= WHAT YOU HAVE TO DO =
Please give all of the data again, character for character, and drop the pictures.

= RECORDS SHOWN =

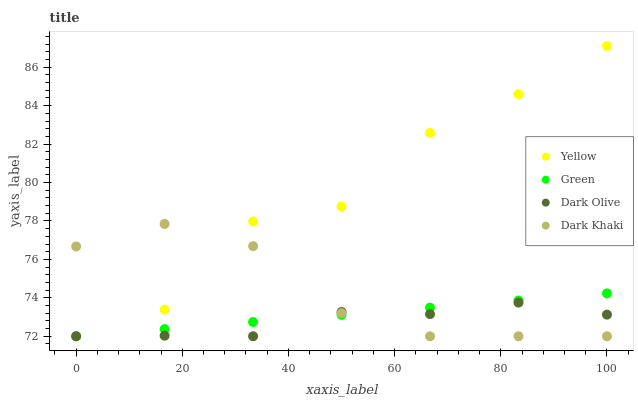Does Dark Olive have the minimum area under the curve?
Answer yes or no. Yes. Does Yellow have the maximum area under the curve?
Answer yes or no. Yes. Does Green have the minimum area under the curve?
Answer yes or no. No. Does Green have the maximum area under the curve?
Answer yes or no. No. Is Green the smoothest?
Answer yes or no. Yes. Is Yellow the roughest?
Answer yes or no. Yes. Is Dark Olive the smoothest?
Answer yes or no. No. Is Dark Olive the roughest?
Answer yes or no. No. Does Dark Khaki have the lowest value?
Answer yes or no. Yes. Does Yellow have the highest value?
Answer yes or no. Yes. Does Green have the highest value?
Answer yes or no. No. Does Dark Khaki intersect Green?
Answer yes or no. Yes. Is Dark Khaki less than Green?
Answer yes or no. No. Is Dark Khaki greater than Green?
Answer yes or no. No. 
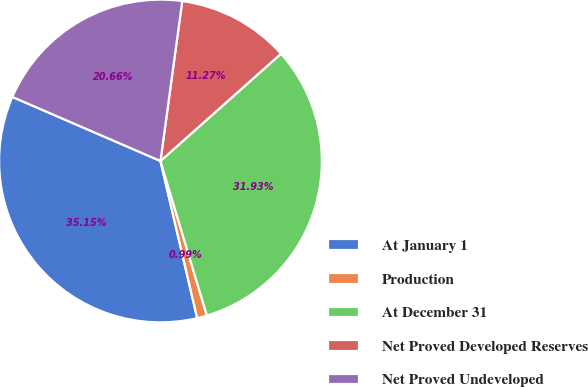Convert chart to OTSL. <chart><loc_0><loc_0><loc_500><loc_500><pie_chart><fcel>At January 1<fcel>Production<fcel>At December 31<fcel>Net Proved Developed Reserves<fcel>Net Proved Undeveloped<nl><fcel>35.15%<fcel>0.99%<fcel>31.93%<fcel>11.27%<fcel>20.66%<nl></chart> 
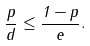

= ANSWER AREA =
Does Dark Olive have the minimum area under the curve?
Answer yes or no. Yes. Does Yellow have the maximum area under the curve?
Answer yes or no. Yes. Does Green have the minimum area under the curve?
Answer yes or no. No. Does Green have the maximum area under the curve?
Answer yes or no. No. Is Green the smoothest?
Answer yes or no. Yes. Is Yellow the roughest?
Answer yes or no. Yes. Is Dark Olive the smoothest?
Answer yes or no. No. Is Dark Olive the roughest?
Answer yes or no. No. Does Dark Khaki have the lowest value?
Answer yes or no. Yes. Does Yellow have the highest value?
Answer yes or no. Yes. Does Green have the highest value?
Answer yes or no. No. Does Dark Khaki intersect Green?
Answer yes or no. Yes. Is Dark Khaki less than Green?
Answer yes or no. No. Is Dark Khaki greater than Green?
Answer yes or no. No. 
Convert chart to OTSL. <chart><loc_0><loc_0><loc_500><loc_500><pie_chart><fcel>At January 1<fcel>Production<fcel>At December 31<fcel>Net Proved Developed Reserves<fcel>Net Proved Undeveloped<nl><fcel>35.15%<fcel>0.99%<fcel>31.93%<fcel>11.27%<fcel>20.66%<nl></chart> 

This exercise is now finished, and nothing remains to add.